According to previous reports, the increase in PDL1 expression is associated with a poor survival, so it is usually considered as a prognostic biomarker [12]. The increase in PDL1 expression in tumor cells as well as at the microenvironment was associated to Epstein–Barr virus (EBV) presence in DLBCL [16]. In fact, EBV infection was proposed as an alternative mechanism for PDL1 induction given that 9p24.1 amplification and EBV infection were mutually exclusive in a series of cHLs; furthermore, LMP1 viral latent protein increases PDL1 promoter activity in vitro via JAK3 [17], enlarging to EBV-associated neoplasias the spectrum of tumor susceptible to PD1 blockade. However, some reports argue against this finding, given that the distribution of PDL1 genetic alterations in EBV + and EBV − was equivalent in an adult cHL series [12]. Furthermore, PDL1 gene abnormalities were higher in EBV-positive T cell and NK-cell lymphomas, as well as EBV-associated DLBCL [18]. In contrast, only 11% of EBV + gastric carcinoma displays PDL1 amplification [19].

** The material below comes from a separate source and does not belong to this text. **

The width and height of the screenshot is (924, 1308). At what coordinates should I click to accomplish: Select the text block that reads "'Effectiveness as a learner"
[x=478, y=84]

EBV is a gammaherpesvirus with growth-transforming properties in vitro on B cells, the most important target cell, which is why it was also linked to several B cell lymphomas, like Burkitt’s lymphoma, DLBCL and HL. In developed countries, EBV is detected in 30–35% of cHL cases, whereas this rate is significantly increased in developing populations, where mixed cellularity (MC) subtype is prevalent [20, 21]. In Argentina, the overall EBV-association rate is 59% in pediatric cHL, but even though MC is still the prevalent subtype, nodular sclerosis subtype prevalence is rising in the last years [22]. Nevertheless, EBV positivity is statistically increased in children younger than 10 years in our country [23]. EBV-associated cHL exhibits Latency II pattern, in which EBERs transcripts as well as LMP1 and LMP2A latent viral proteins are expressed by HRS cells. Even though the role of EBV in cHL pathogenesis is not yet entirely disclosed, latency II antigens are involved in the rescue of germinal center (GC) B cells with crippling mutations from apoptosis to become an HRS cell [20].

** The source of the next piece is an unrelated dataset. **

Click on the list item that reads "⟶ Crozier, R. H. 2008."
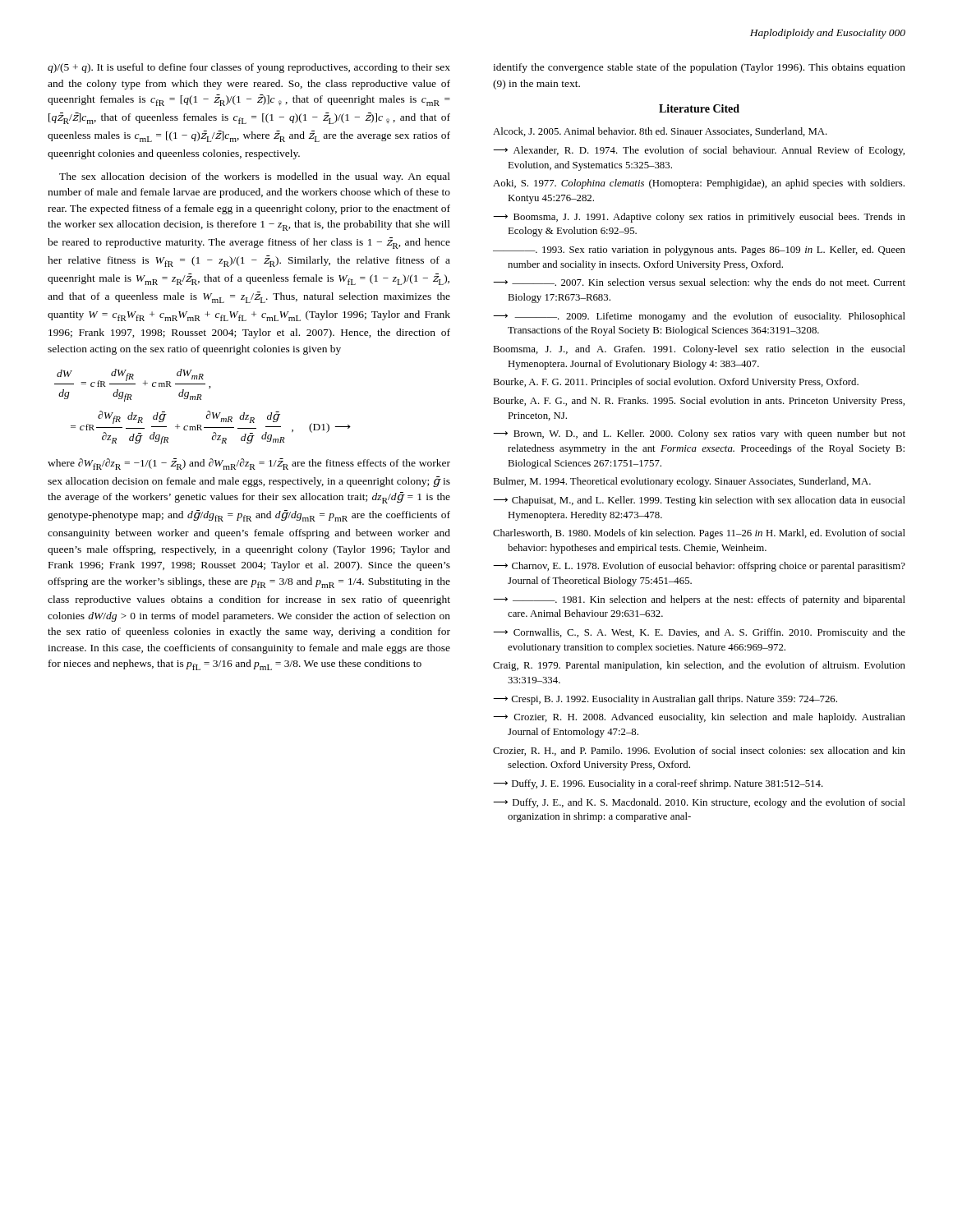Viewport: 953px width, 1232px height. pyautogui.click(x=699, y=725)

In line with this, EBV presence also has influence on cHL microenvironment composition, to contribute to lymphomagenesis process. In EBV-associated cHL in adult patients, a higher number of cytotoxic CD8 + T cells, along with regulatory CD4 + T cells (Tregs) that secrete IL10, were demonstrated [24]. In pediatric cHL, EBV + cases exhibit a cytotoxic/Th1 profile, with an antitumoral M1 macrophage polarization pattern [25, 26]. In line with this, our group proved the prevalence of a cytotoxic and M1 polarization pattern in pediatric cHL from Argentina [27], which is apparently unable to eliminate EBV + HRS cells. This finding prompted us to hypothesize that there is an immune regulatory mechanism counteracting those antitumoral responses at the microenvironment. Therefore, our aim was to characterize PD1/PDL1 pathway in HRS cells microenvironment to disclose its involvement in the pathogenesis of pediatric EBV-associated cHL.
Methods
Patients and samples
Formalin-fixed paraffin-embedded tissue biopsies (FFPE) of 80 patients were analyzed, taking into account the availability of sufficient material from the archives of the Pathology Division of the Ricardo Gutiérrez Children's Hospital, Buenos Aires, Argentina. The age range was 2–18 years (median: 9.5 years). This series enlarges the data published previously [27]. Institutional guidelines regarding human experimentation were followed, and they were in accordance to the Helsinki Declaration of 1975. The Ethical Committee of the institution approved the study, and all the patients’ guardians gave informed consent for the study. Diagnosis was made from biopsies taken from the primary tumor and cases were classified by the pathologist (E.D.M) by immunohistochemical staining according to the updated World Health Organization (WHO) scheme for lymphomas [28]. From each case, representative tumor areas rich in HRS selected by pathologists of the service were selected.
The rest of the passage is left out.